Chapter 8.  Building a Parser and Interpreter for a Custom Language

Extensibility and adaptability are often the required features in enterprise applications. Often, it is useful and practical-or even an actual feature requirement by users-to change an application's behavior and business rules at runtime. Imagine, for example, an e-commerce application in which sales representatives can configure business rules themselves; for example, when the system should offer free shipping for a purchase or should apply a certain discount when some special conditions are met (offer free shipping when the purchase amount exceeds 150 Euros , and the customer has already made two or more purchases in the past or has been a customer for more than a year).

By experience, rules such as these tend to get ridiculously complex (offer a discount when the customer is male and is older than 35 years and has two kids and a cat named Mr. Whiskers and placed the purchase order on a cloudless full-moon night) and may change frequently. For this reason, as a developer, you might actually be glad to offer your user a possibility to configure rules such as these for themselves, instead of having to update, test, and redeploy the application every time one of these rules changes. A feature like this is called end-user development and is often implemented using  domain-specific languages.

Domain-specific languages are languages that are tailored for one specific application domain (in contrast to general-purpose languages, such as C, Java or-you guessed it-PHP). In this chapter, we will build our own parser for a small expression language that can be used to configure business rules in enterprise applications.

For this, we'll need to recapitulate how a parser works and how formal languages are described using formal grammars.

How interpreters and compilers work

Interpreters and compilers read programs that are formulated in a programming language. They either execute them directly (interpreters) or first convert them into a machine language or another programming language (compilers). Both interpreters and compilers usually have (among others) two components called lexer and parser.

How interpreters and compilers work

This is a basic architecture of a compiler or interpreter

An interpreter may omit the code generation and run the parsed program directly without a dedicated compilation step.

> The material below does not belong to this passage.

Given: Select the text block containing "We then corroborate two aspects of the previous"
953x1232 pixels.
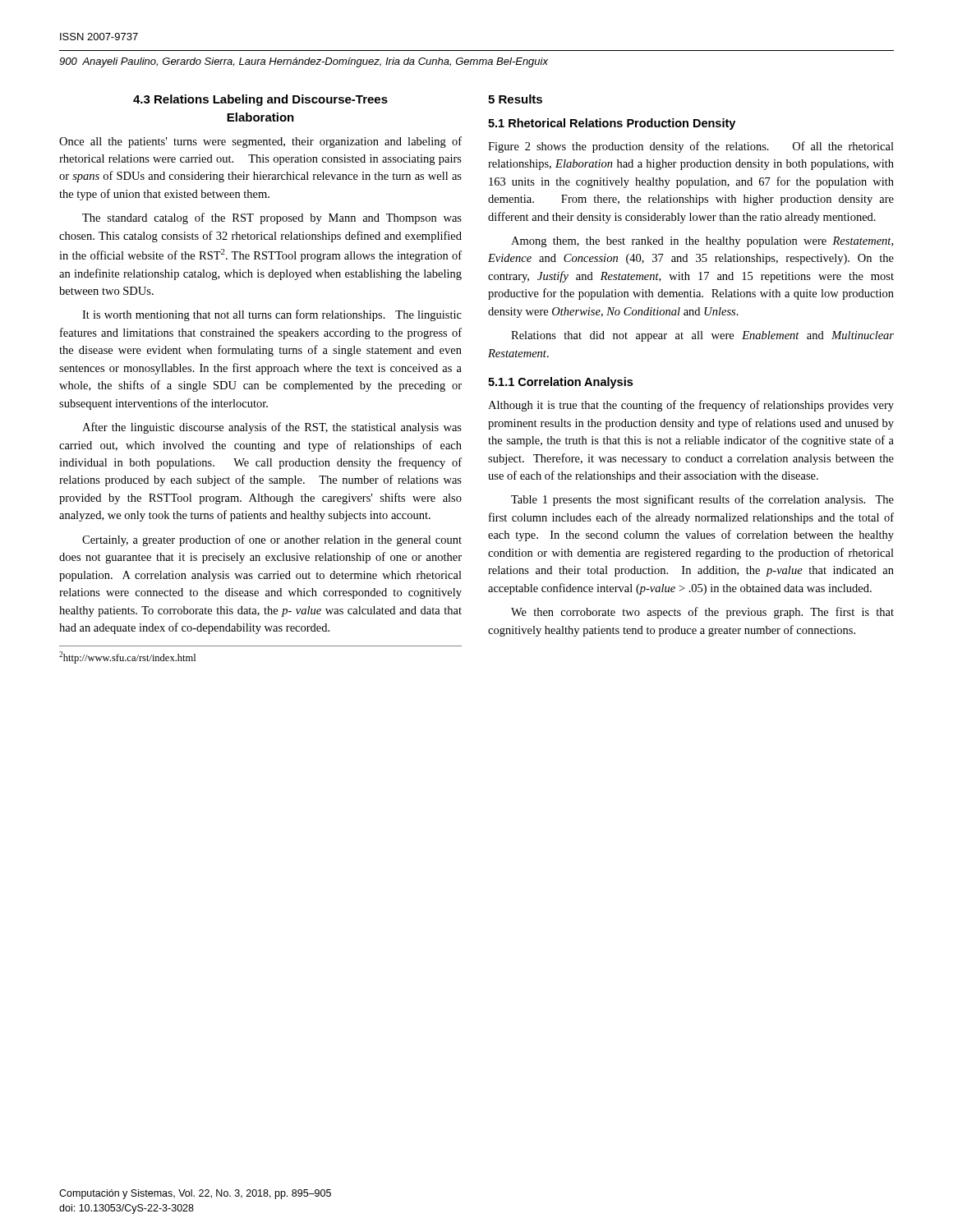Looking at the screenshot, I should click(x=691, y=621).

The lexer (also called scanner or tokenizer) dissects an input program into its smallest possible parts, the so-called tokens. Each token consists of a token class (for example, numerical value or variable identifier) and the actual token contents. For example, a lexer for a calculator given the input string 2 + (3 * a) might generate the following list of tokens (each having a token class and value):

  1. Number ("2")
  2. Addition operator ("+")
  3. Opening bracket ("(")
  4. Number ("3")
  5. Multiplication operator ("*")
  6. Variable identifier ("a")
  7. Closing bracket (")")

In the next step, the parser takes the token streams and tries to derive the actual program structure from this stream. For this, the parser needs to be programmed with a set of rules that describe the input language, a grammar. In many cases, a parser generates a data structure that represents the input program in a structured tree; the so-called syntax tree. For example, the input string 2 + (3 * a) generates the following syntax tree:

How interpreters and compilers work

An Abstract Syntax Tree (AST) that can be generated from the expression 2 + (3 * a)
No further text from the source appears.